By Ryan Hite     Jun 10, 2014 in Health
Due to the death of the previous record holder for the world's oldest man in New York City, the new record holder, just one day younger, is waiting to be certified by Guinness.
The Gerontology Research Group says that 111-year-old Sakari Momoi from Saitama City, Japan, near Tokyo, is officially the world’s oldest man.
The previous holder, Alexander Imich, passed away in New York Sunday morning.
Momoi was born just one day after Imich, on February 5, 1903.
He was school teacher and was honored with a medal for his long service to education.
Officials at Guinness World Records are now checking whether he can be certified as the world’s oldest man in the record books.

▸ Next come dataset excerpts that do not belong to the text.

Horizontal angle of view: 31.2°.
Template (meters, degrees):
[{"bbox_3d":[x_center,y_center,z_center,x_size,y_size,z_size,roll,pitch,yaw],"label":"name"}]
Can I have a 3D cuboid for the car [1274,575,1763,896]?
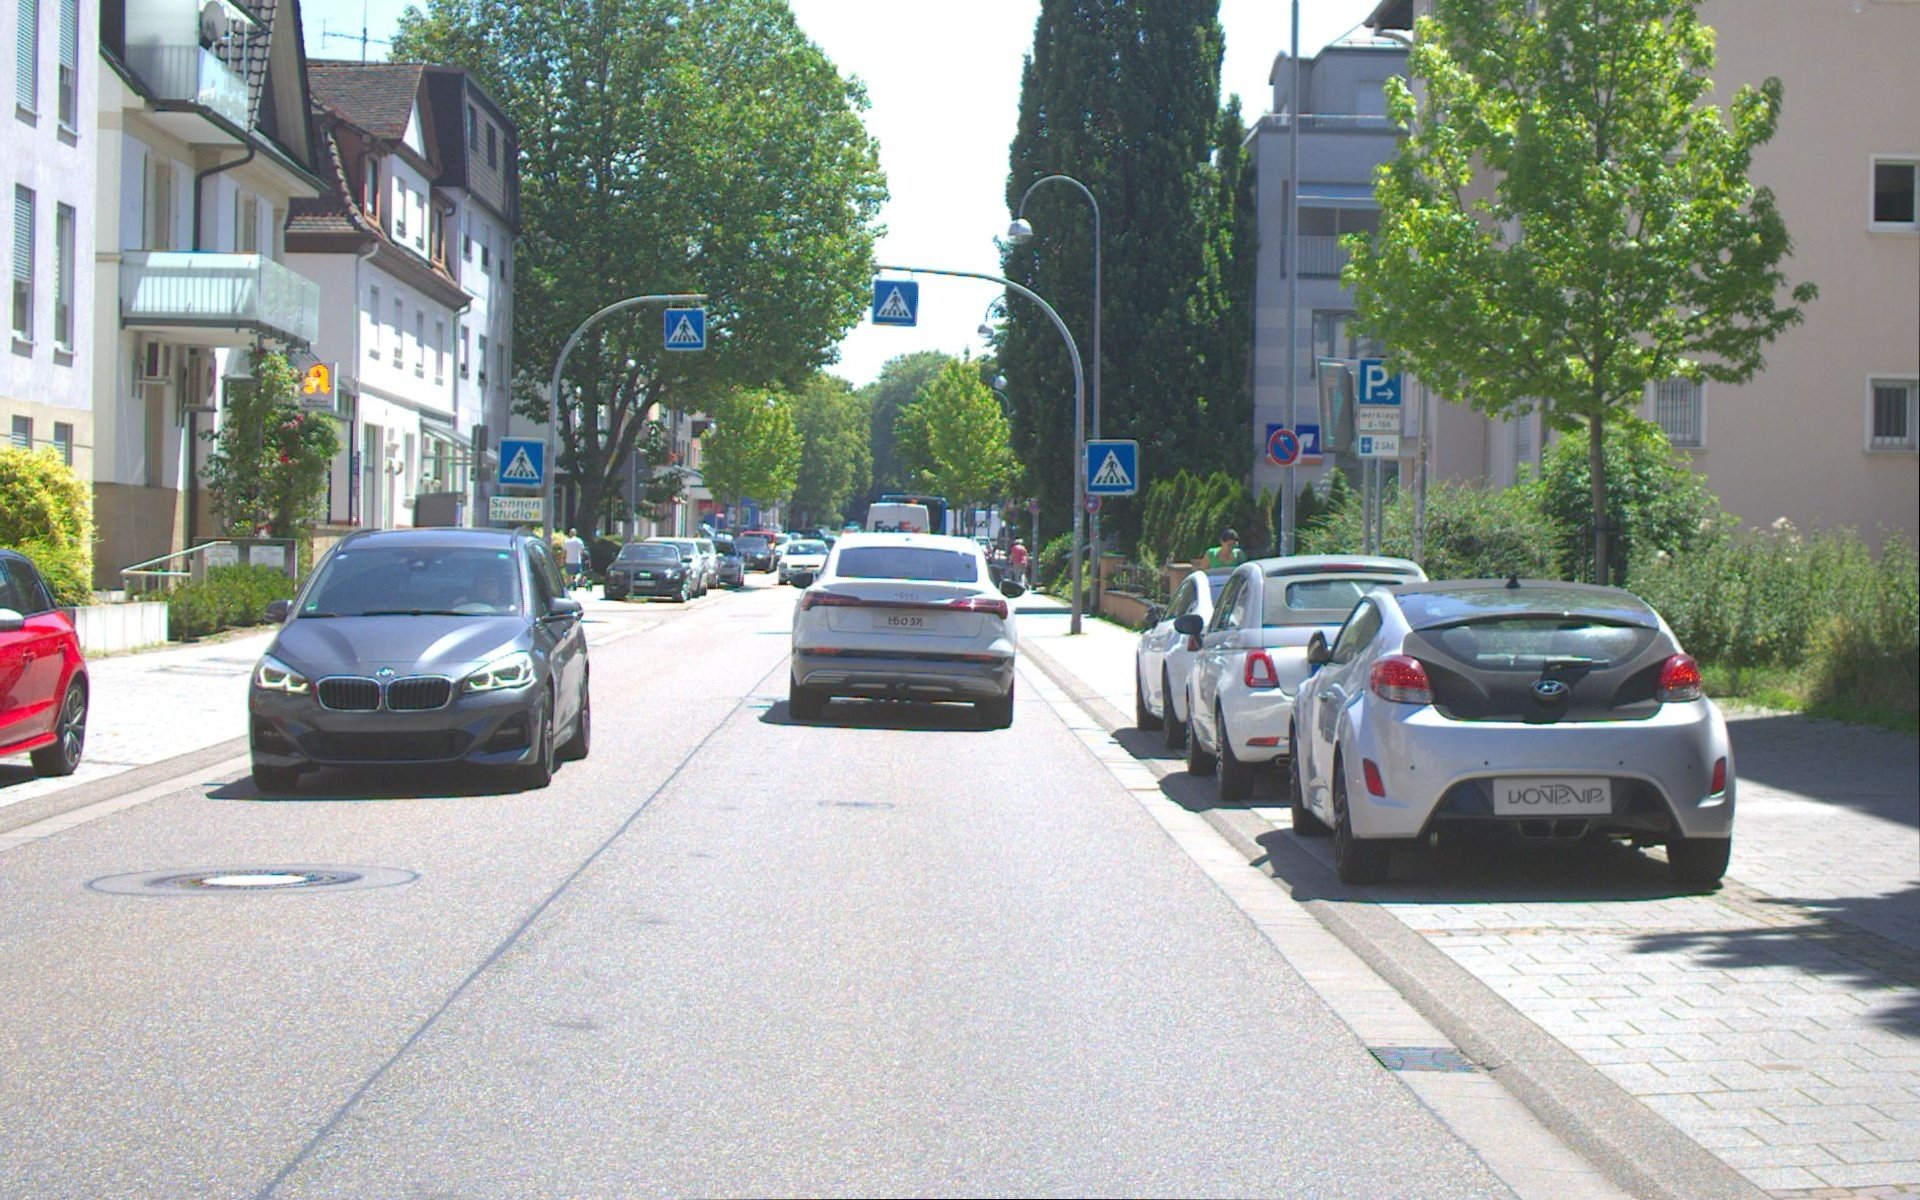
[{"bbox_3d":[2.655,0.584,17.235,1.862,1.368,4.000,0,1,1],"label":"car"}]

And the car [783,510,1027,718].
[{"bbox_3d":[-0.480,0.073,30.787,1.936,1.609,4.472,4,1,-1],"label":"car"}]

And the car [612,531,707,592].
[{"bbox_3d":[-7.033,-0.921,80.849,1.993,1.345,4.001,1,1,-2],"label":"car"}]

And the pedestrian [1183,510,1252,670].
[{"bbox_3d":[2.849,-0.115,38.106,0.637,1.752,0.617,1,1,-5],"label":"pedestrian"}]

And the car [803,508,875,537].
[{"bbox_3d":[-7.230,-4.638,205.537,3.988,1.645,2.000,1,1,6],"label":"car"}]

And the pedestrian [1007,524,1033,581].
[{"bbox_3d":[1.807,-1.442,103.993,0.693,1.730,0.668,1,1,-5],"label":"pedestrian"}]

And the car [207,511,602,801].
[{"bbox_3d":[-3.467,0.281,22.252,1.974,1.665,4.472,1,1,-2],"label":"car"}]

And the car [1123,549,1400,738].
[{"bbox_3d":[2.353,0.292,27.835,1.726,1.378,4.402,0,1,-2],"label":"car"}]

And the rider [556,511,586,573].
[{"bbox_3d":[-9.813,-1.454,86.794,0.661,1.548,0.661,1,1,-1],"label":"rider"}]

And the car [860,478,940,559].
[{"bbox_3d":[-1.769,-2.357,99.744,2.069,2.189,5.139,2,1,-3],"label":"car"}]

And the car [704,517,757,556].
[{"bbox_3d":[-9.292,-2.570,139.496,1.993,1.514,4.001,1,1,-2],"label":"car"}]

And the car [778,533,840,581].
[{"bbox_3d":[-4.931,-1.416,112.737,1.978,1.514,4.001,1,1,-2],"label":"car"}]

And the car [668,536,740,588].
[{"bbox_3d":[-7.761,-1.177,104.597,1.993,1.514,4.001,1,1,-2],"label":"car"}]

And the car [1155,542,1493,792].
[{"bbox_3d":[2.319,0.366,22.883,1.658,1.483,4.346,0,1,-2],"label":"car"}]

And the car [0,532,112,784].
[{"bbox_3d":[-6.324,0.299,20.120,1.649,1.414,3.906,4,1,0],"label":"car"}]

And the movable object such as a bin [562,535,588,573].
[{"bbox_3d":[-9.797,-1.169,87.408,0.587,0.949,0.566,1,1,-1],"label":"movable object such as a bin"}]
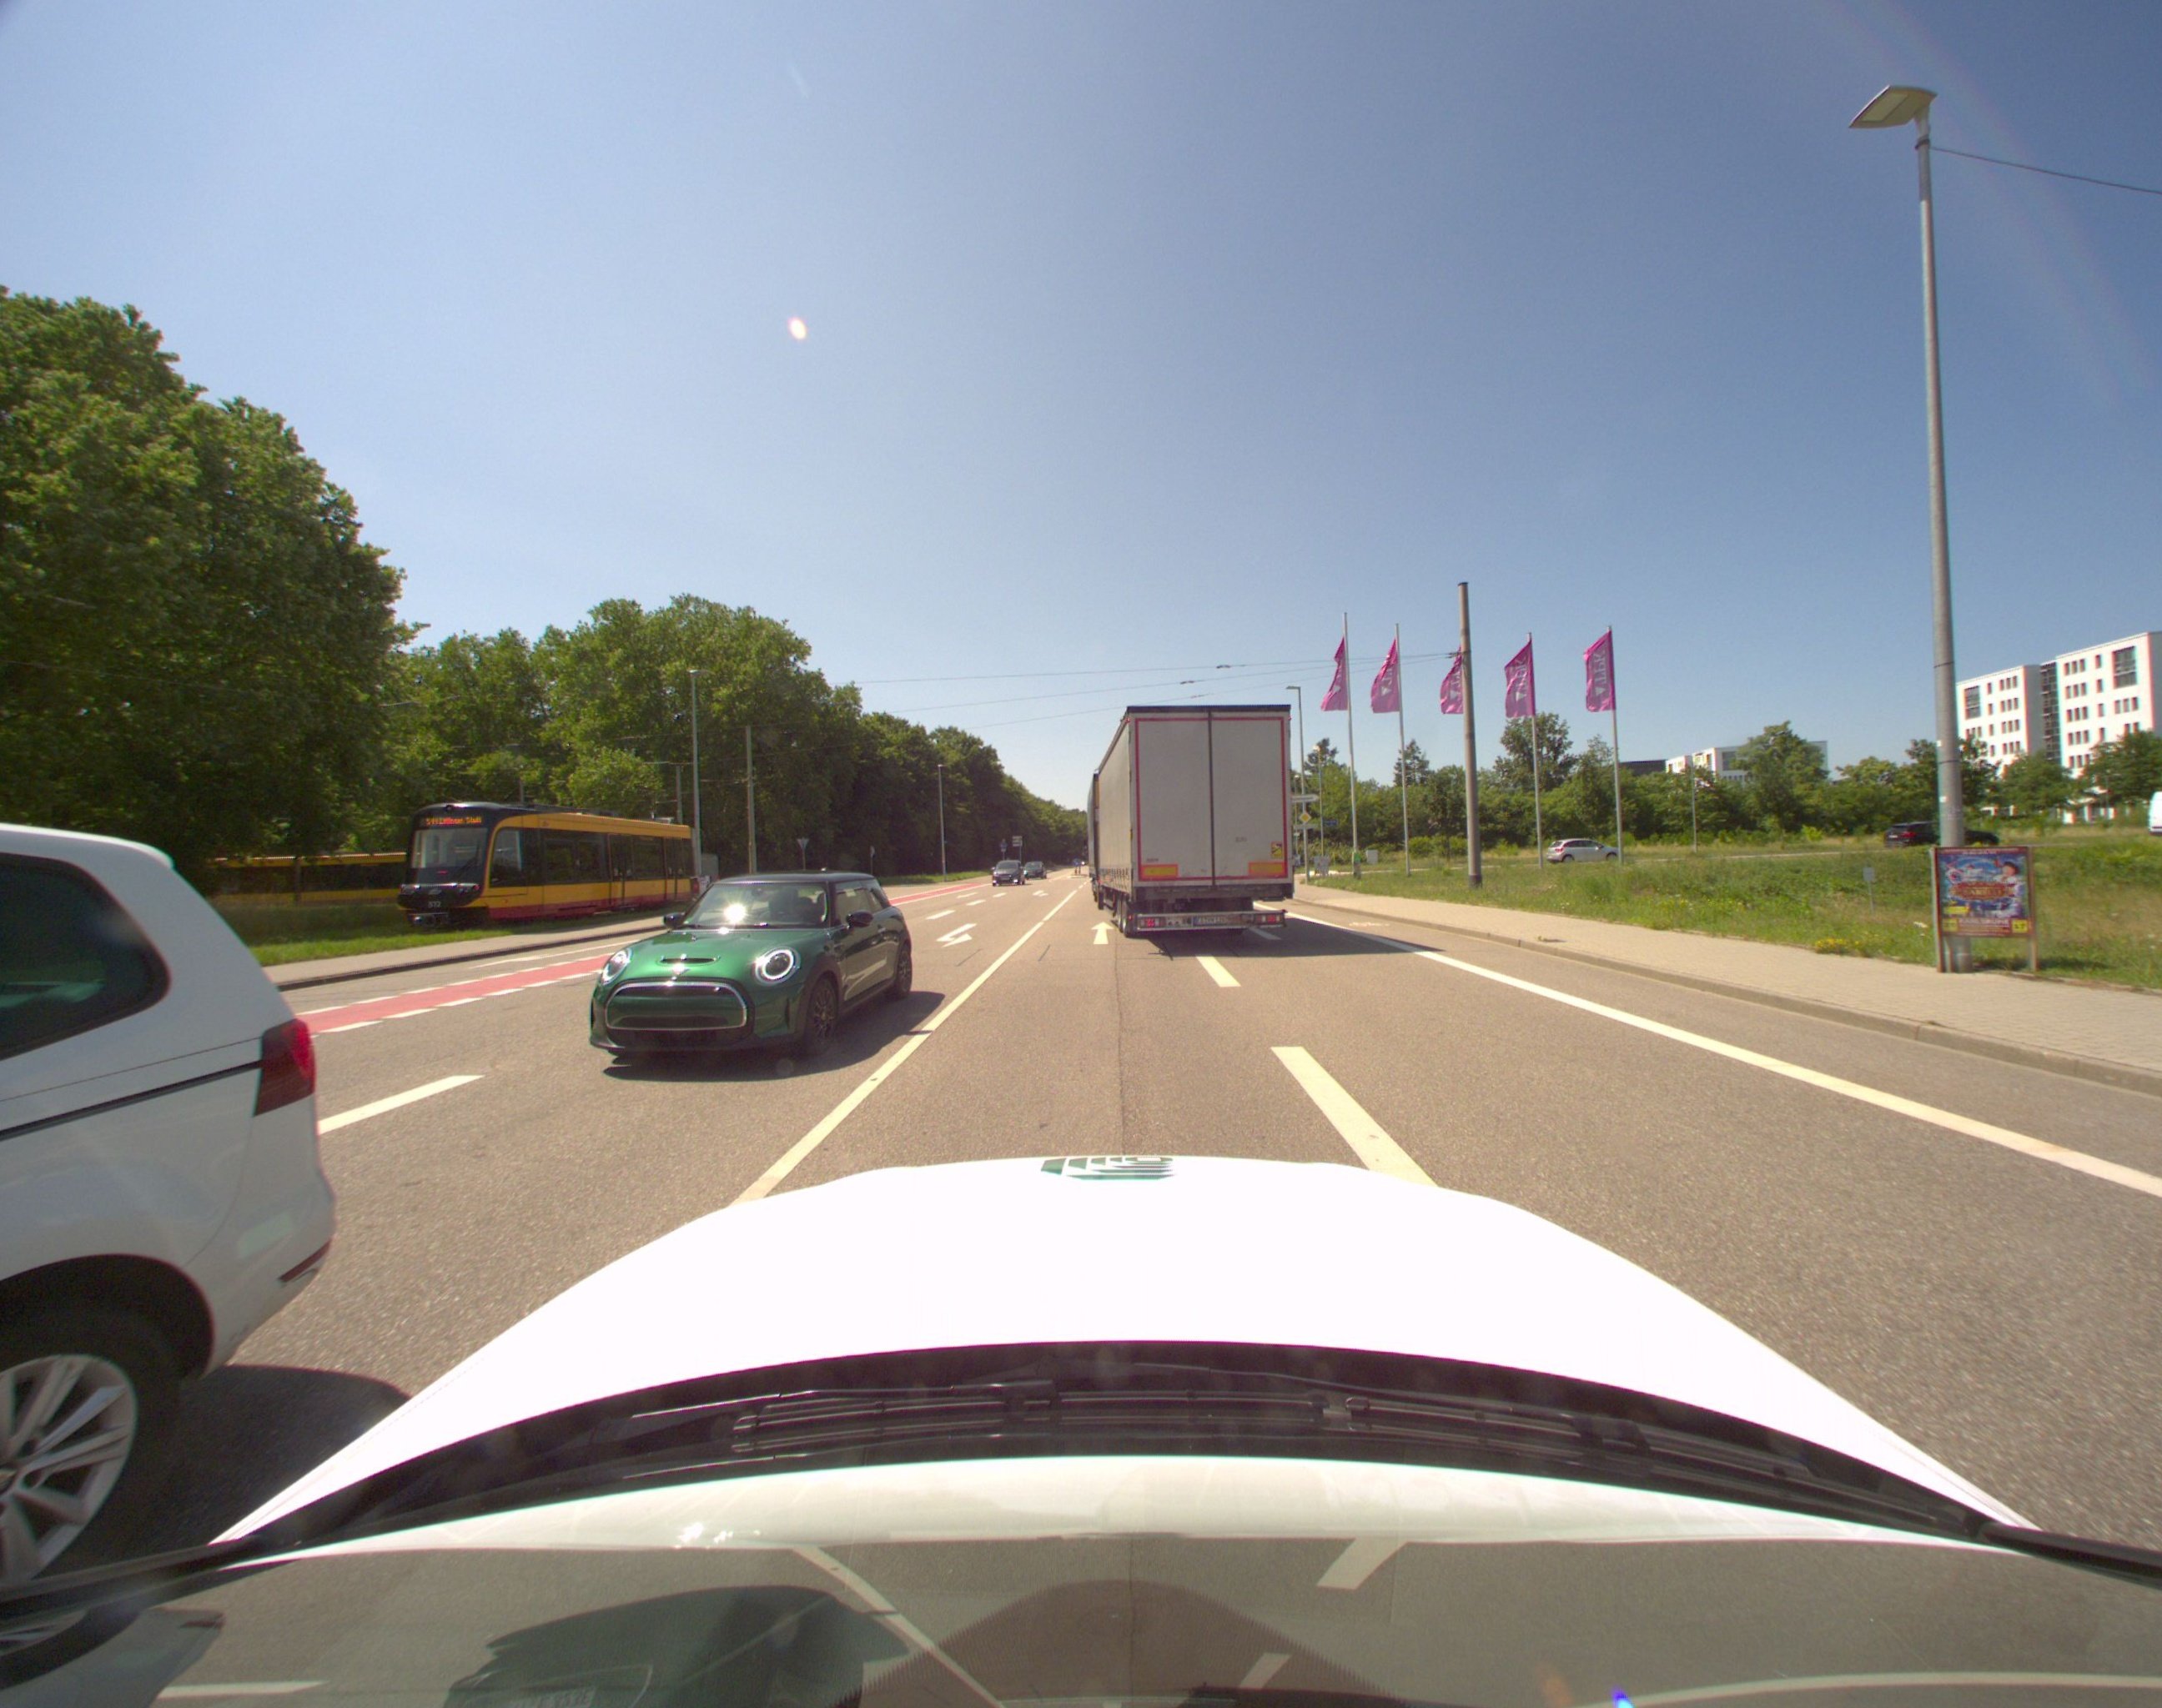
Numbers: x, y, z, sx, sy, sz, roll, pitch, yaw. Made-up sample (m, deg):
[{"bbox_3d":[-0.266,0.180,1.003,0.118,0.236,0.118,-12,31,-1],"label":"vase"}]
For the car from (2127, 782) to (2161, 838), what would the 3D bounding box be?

Imich, who was born in Poland, lived at a Manhattan senior residence since 1986 and was certified in April by Guinness World Records.
A retired chemist, he fought against the Bolshevik Revolution and survived the Holocaust in World War 2 before immigrating to the United States from the Soviet Union in the 50's.
Craig Glenday, editor of Guinness World Records, said in a statement: “What an incredible life Dr Imich led – fighting the Bolsheviks as a teenager, earning a PhD in the 1920s, surviving a Soviet labor camp, losing much of his family to the Nazis and pursuing a successful career as a chemist and parapsychologist. To live such an extraordinarily long and rich life is a testament to good genes, a healthy lifestyle and a positive mental attitude.”
Mr Imich once said in an interview: “I don’t know, I simply didn't die earlier. I have no idea how this happened.”
Dozens of women, who tend to have longer lifespans than men, are older than Mr Imich. The oldest of them, officially the world’s oldest person, is 116-year-old Japanese woman Misao Okawa, who lives in Osaka City, Japan.